** Information given follows **

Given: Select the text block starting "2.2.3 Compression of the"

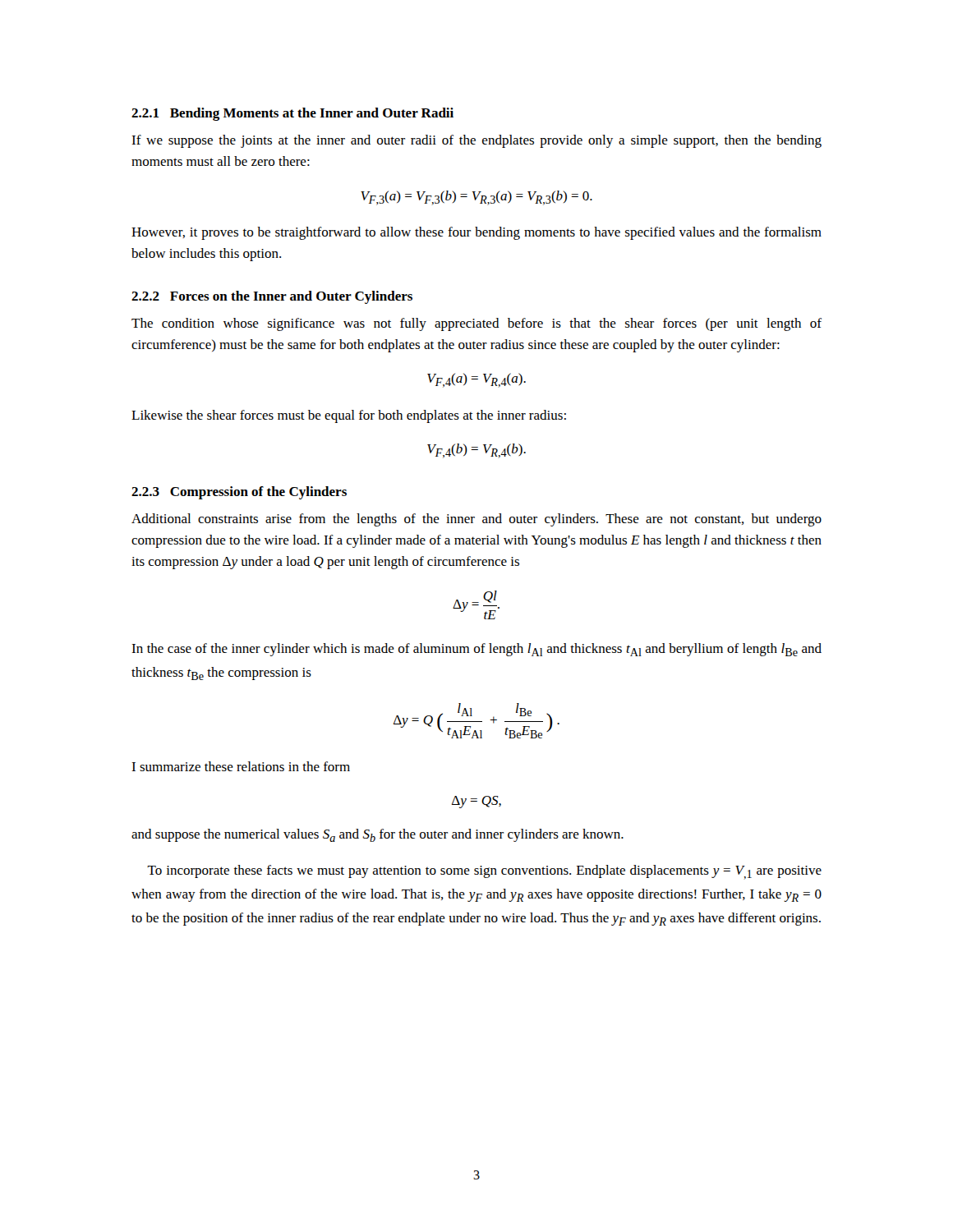Looking at the screenshot, I should point(239,491).
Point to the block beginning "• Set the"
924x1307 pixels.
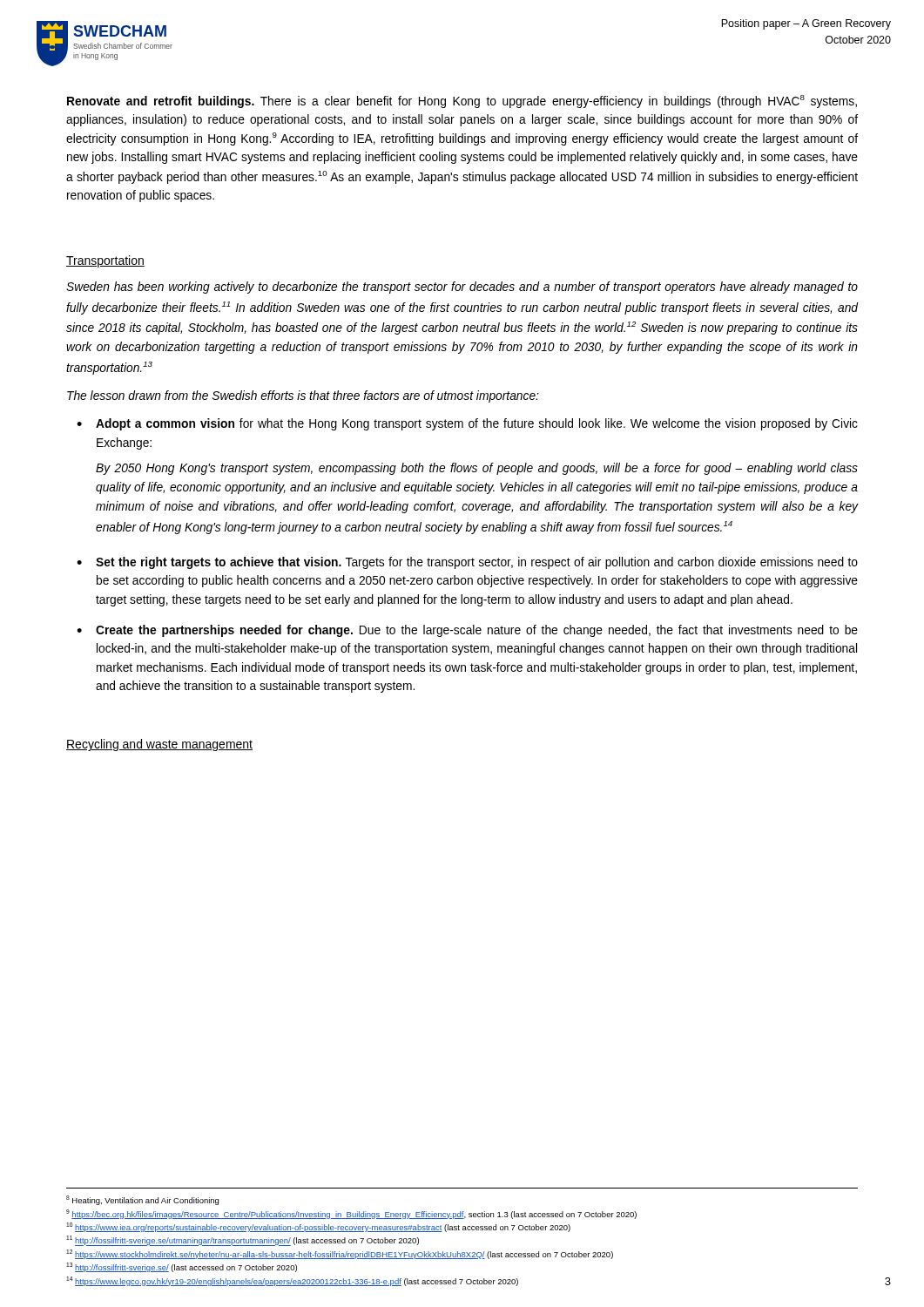(467, 581)
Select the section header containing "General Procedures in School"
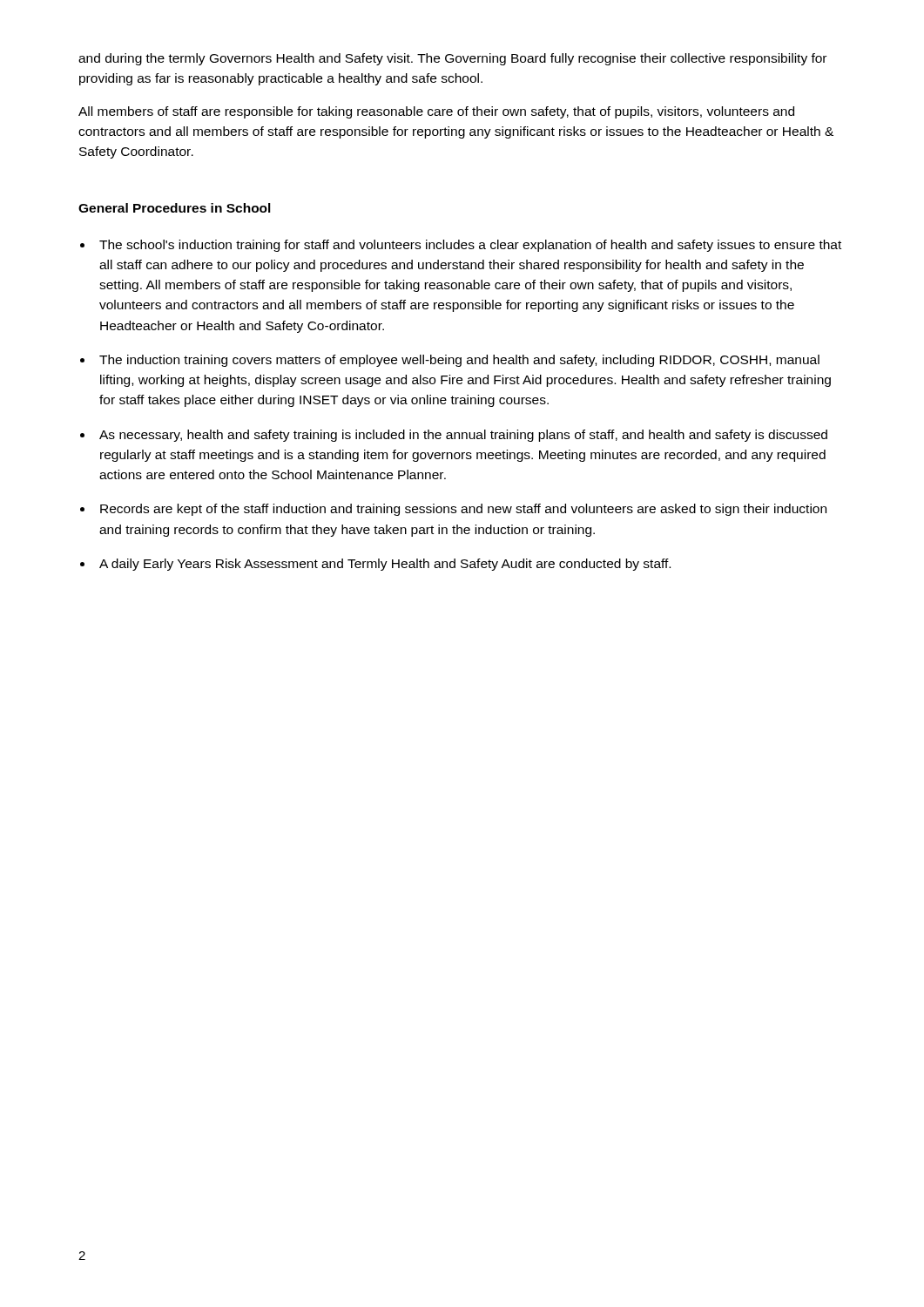924x1307 pixels. pos(175,208)
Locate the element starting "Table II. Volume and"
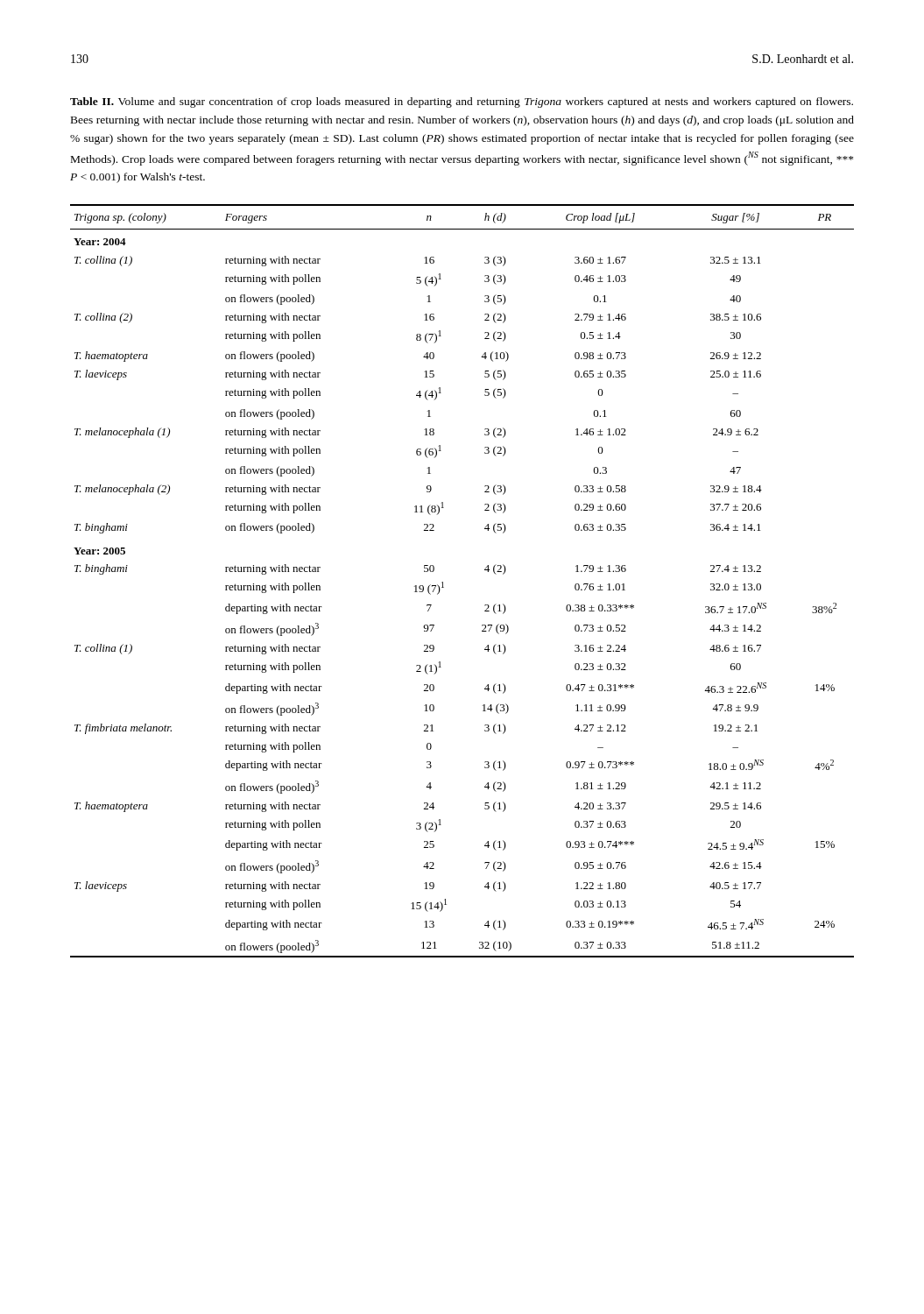924x1314 pixels. click(x=462, y=139)
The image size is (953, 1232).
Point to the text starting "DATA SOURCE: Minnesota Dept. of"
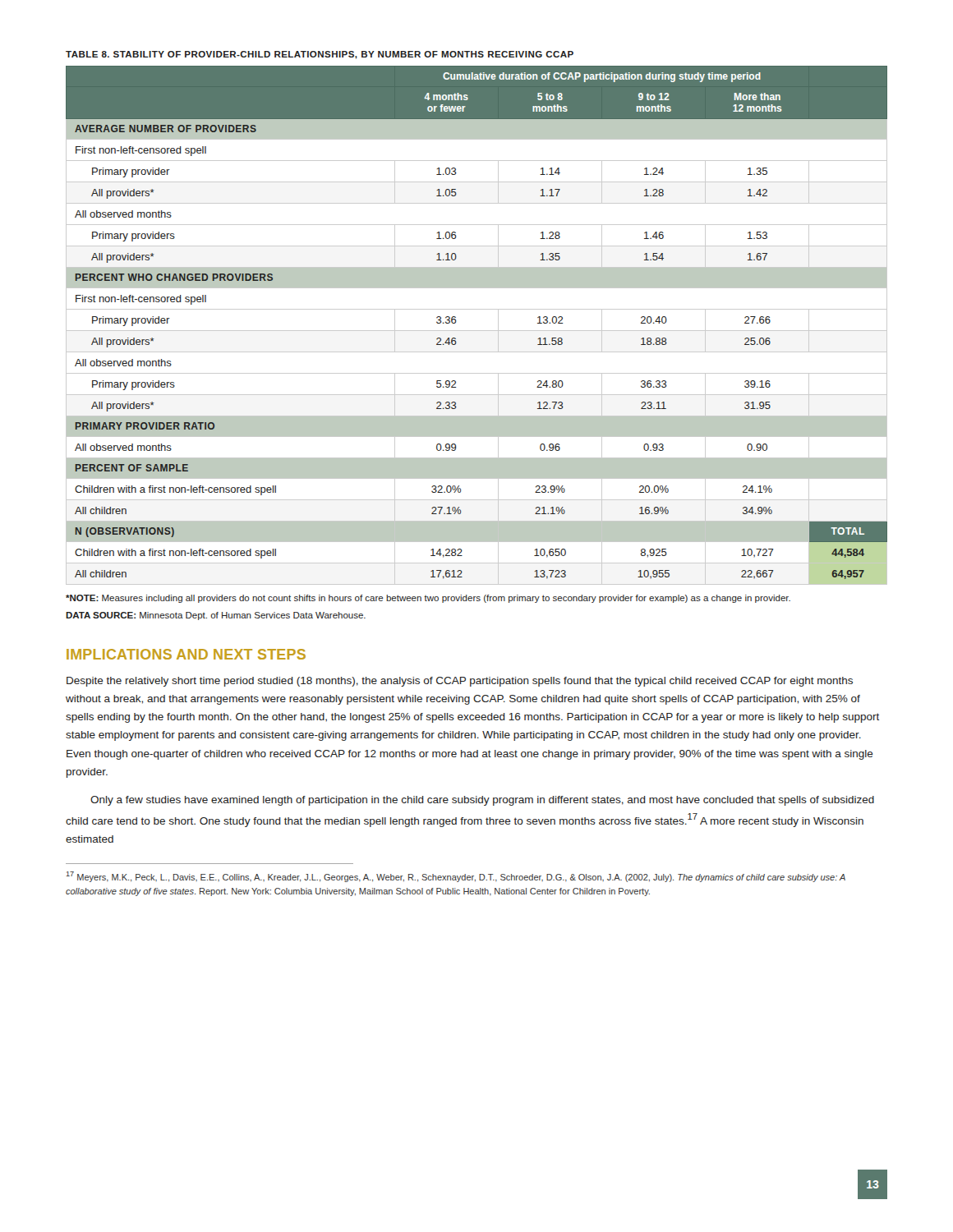(216, 615)
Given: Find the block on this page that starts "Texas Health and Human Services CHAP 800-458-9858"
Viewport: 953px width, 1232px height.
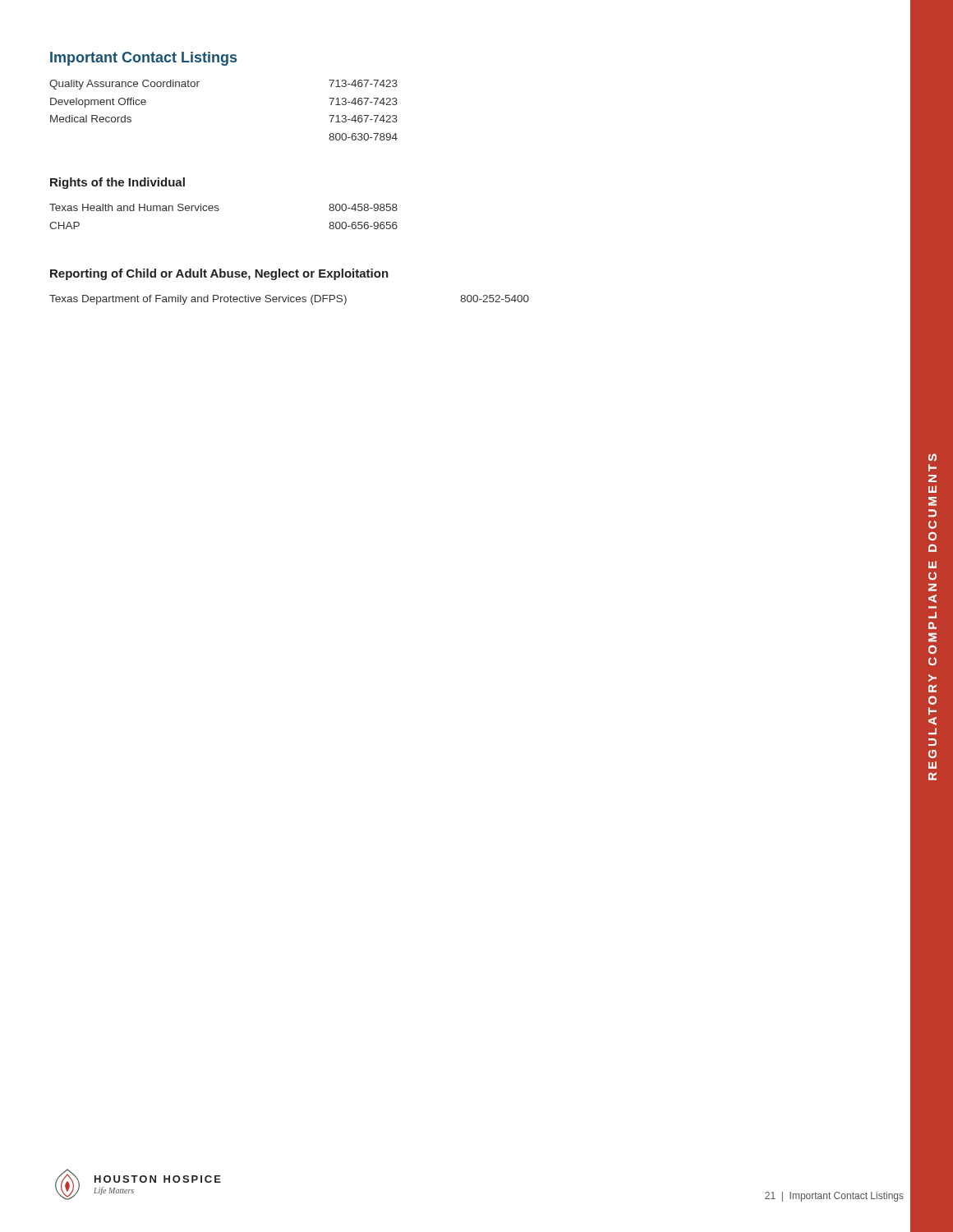Looking at the screenshot, I should click(x=133, y=207).
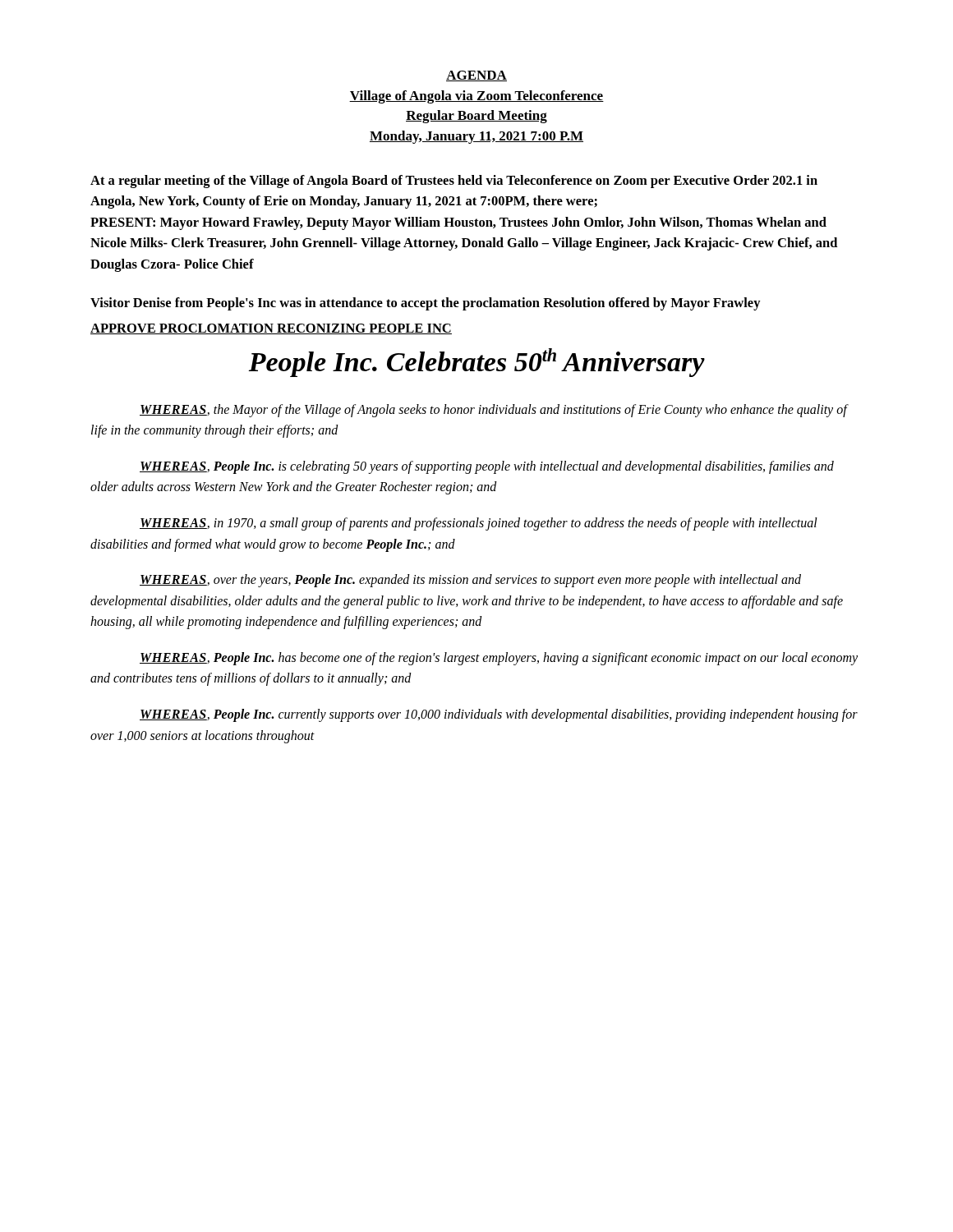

** End of Information given **

(What is required): Print every line above once more, exactly. Omit the pictures.

(Your response):
Given: Select the text block starting "2.2.3 Compression of the"

Looking at the screenshot, I should point(239,491).
Point to the block beginning "• Set the"
924x1307 pixels.
(467, 581)
Select the section header containing "General Procedures in School"
924x1307 pixels. pos(175,208)
Locate the element starting "Table II. Volume and"
924x1314 pixels. click(x=462, y=139)
The image size is (953, 1232).
Point to the text starting "DATA SOURCE: Minnesota Dept. of"
(216, 615)
Given: Find the block on this page that starts "Texas Health and Human Services CHAP 800-458-9858"
Viewport: 953px width, 1232px height.
Looking at the screenshot, I should click(x=133, y=207).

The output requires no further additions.